TASK DIRECTIONS ▸ Please give back, word for word, only the lines starting at the one containing "at December 31<nl><fcel>25.17<fcel>23.51<nl></chart>" and ending at the one containing "The first image" within the material below.

DATA RECORDS ▸

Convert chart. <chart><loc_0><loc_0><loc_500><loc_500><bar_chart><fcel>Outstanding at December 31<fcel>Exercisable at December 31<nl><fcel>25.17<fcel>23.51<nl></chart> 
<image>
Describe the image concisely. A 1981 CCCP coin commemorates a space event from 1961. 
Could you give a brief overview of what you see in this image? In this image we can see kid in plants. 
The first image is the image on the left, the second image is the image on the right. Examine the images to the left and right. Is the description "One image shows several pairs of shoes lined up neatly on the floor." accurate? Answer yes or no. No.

--

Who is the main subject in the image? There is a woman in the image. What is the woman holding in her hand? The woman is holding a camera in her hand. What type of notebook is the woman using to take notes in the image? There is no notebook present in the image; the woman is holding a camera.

==

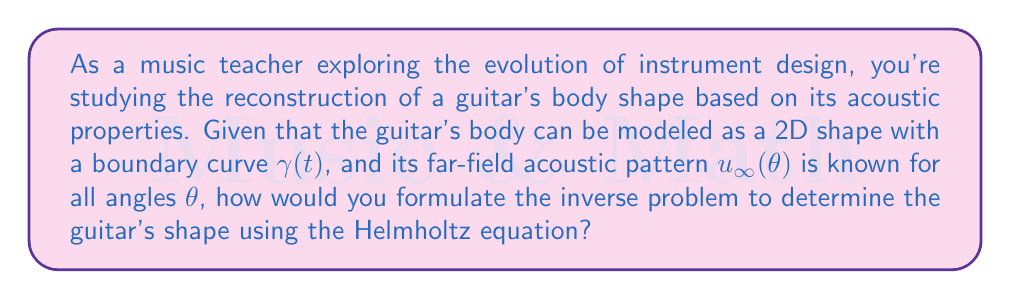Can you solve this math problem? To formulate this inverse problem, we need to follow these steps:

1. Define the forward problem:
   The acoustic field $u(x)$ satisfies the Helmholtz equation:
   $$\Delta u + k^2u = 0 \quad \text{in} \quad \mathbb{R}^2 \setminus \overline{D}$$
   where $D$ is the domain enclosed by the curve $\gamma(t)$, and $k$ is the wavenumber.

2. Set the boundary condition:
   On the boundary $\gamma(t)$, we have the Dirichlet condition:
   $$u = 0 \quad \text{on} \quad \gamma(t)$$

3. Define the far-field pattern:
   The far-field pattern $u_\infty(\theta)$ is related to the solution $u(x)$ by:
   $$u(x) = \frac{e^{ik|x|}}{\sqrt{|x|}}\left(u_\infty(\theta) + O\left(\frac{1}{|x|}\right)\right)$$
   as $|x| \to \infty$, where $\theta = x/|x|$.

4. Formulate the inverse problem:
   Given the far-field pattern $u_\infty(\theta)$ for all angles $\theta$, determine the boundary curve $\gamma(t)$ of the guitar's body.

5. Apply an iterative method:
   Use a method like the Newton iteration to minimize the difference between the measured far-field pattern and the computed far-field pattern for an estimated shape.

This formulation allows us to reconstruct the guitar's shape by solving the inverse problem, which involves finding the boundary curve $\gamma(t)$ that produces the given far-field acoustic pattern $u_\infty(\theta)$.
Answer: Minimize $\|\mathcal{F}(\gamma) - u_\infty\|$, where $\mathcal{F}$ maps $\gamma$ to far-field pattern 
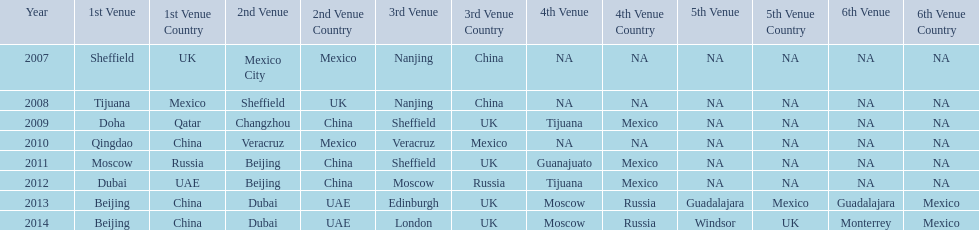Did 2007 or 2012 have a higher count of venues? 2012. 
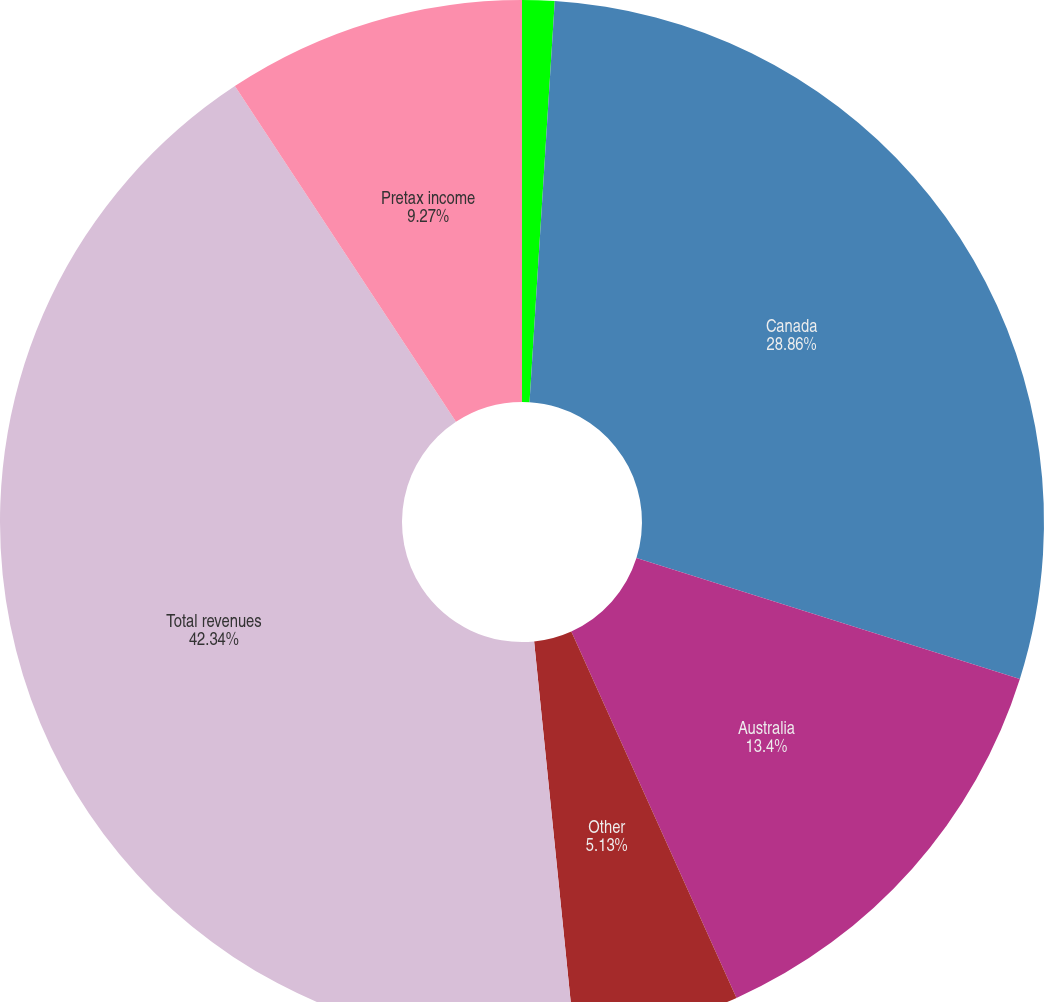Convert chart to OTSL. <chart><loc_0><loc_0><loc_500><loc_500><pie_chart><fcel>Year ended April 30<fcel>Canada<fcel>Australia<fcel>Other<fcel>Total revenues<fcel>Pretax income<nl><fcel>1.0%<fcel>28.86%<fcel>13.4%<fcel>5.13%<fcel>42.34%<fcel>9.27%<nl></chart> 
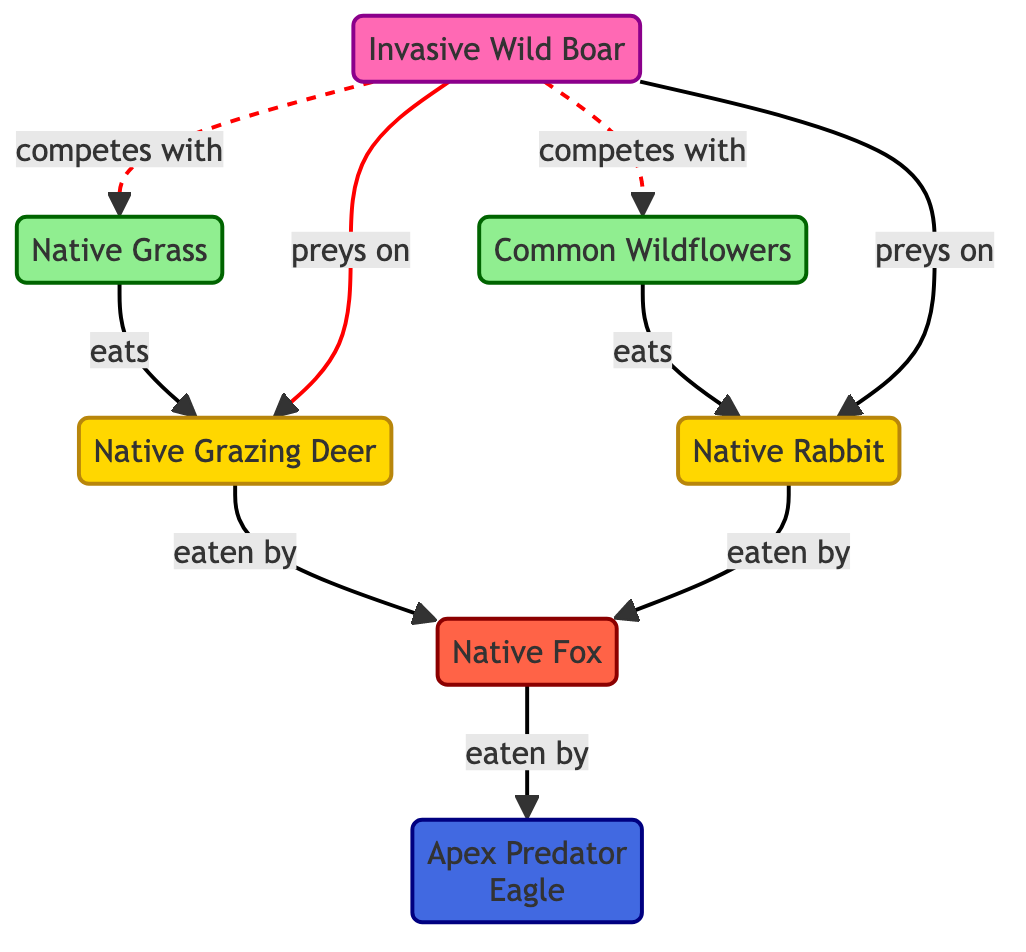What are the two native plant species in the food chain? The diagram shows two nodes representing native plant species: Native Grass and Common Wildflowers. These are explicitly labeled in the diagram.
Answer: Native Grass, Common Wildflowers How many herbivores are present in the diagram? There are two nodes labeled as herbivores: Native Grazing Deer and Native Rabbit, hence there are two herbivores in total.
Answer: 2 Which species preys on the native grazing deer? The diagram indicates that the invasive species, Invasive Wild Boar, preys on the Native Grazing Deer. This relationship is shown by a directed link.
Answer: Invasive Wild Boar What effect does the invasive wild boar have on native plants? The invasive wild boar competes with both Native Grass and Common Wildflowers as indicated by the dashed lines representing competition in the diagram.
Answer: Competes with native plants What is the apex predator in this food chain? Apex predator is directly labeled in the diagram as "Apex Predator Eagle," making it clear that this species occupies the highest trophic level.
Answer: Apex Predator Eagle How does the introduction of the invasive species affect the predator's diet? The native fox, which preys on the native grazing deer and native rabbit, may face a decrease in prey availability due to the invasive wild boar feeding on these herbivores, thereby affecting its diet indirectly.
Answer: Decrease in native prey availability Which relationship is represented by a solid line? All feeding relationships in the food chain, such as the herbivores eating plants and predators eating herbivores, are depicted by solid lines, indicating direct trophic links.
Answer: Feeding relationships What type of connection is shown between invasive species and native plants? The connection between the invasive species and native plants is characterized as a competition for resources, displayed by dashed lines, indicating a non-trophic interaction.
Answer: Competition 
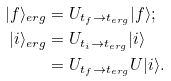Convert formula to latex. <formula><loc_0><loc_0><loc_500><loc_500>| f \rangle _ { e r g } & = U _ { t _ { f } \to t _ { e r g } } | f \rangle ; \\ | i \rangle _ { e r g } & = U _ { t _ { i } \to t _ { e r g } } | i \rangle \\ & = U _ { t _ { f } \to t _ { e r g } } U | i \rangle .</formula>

YOUR RESPONSE ▸
Convert chart. <chart><loc_0><loc_0><loc_500><loc_500><bar_chart><fcel>Outstanding at December 31<fcel>Exercisable at December 31<nl><fcel>25.17<fcel>23.51<nl></chart> 
<image>
Describe the image concisely. A 1981 CCCP coin commemorates a space event from 1961. 
Could you give a brief overview of what you see in this image? In this image we can see kid in plants. 
The first image is the image on the left, the second image is the image on the right. Examine the images to the left and right. Is the description "One image shows several pairs of shoes lined up neatly on the floor." accurate? Answer yes or no. No.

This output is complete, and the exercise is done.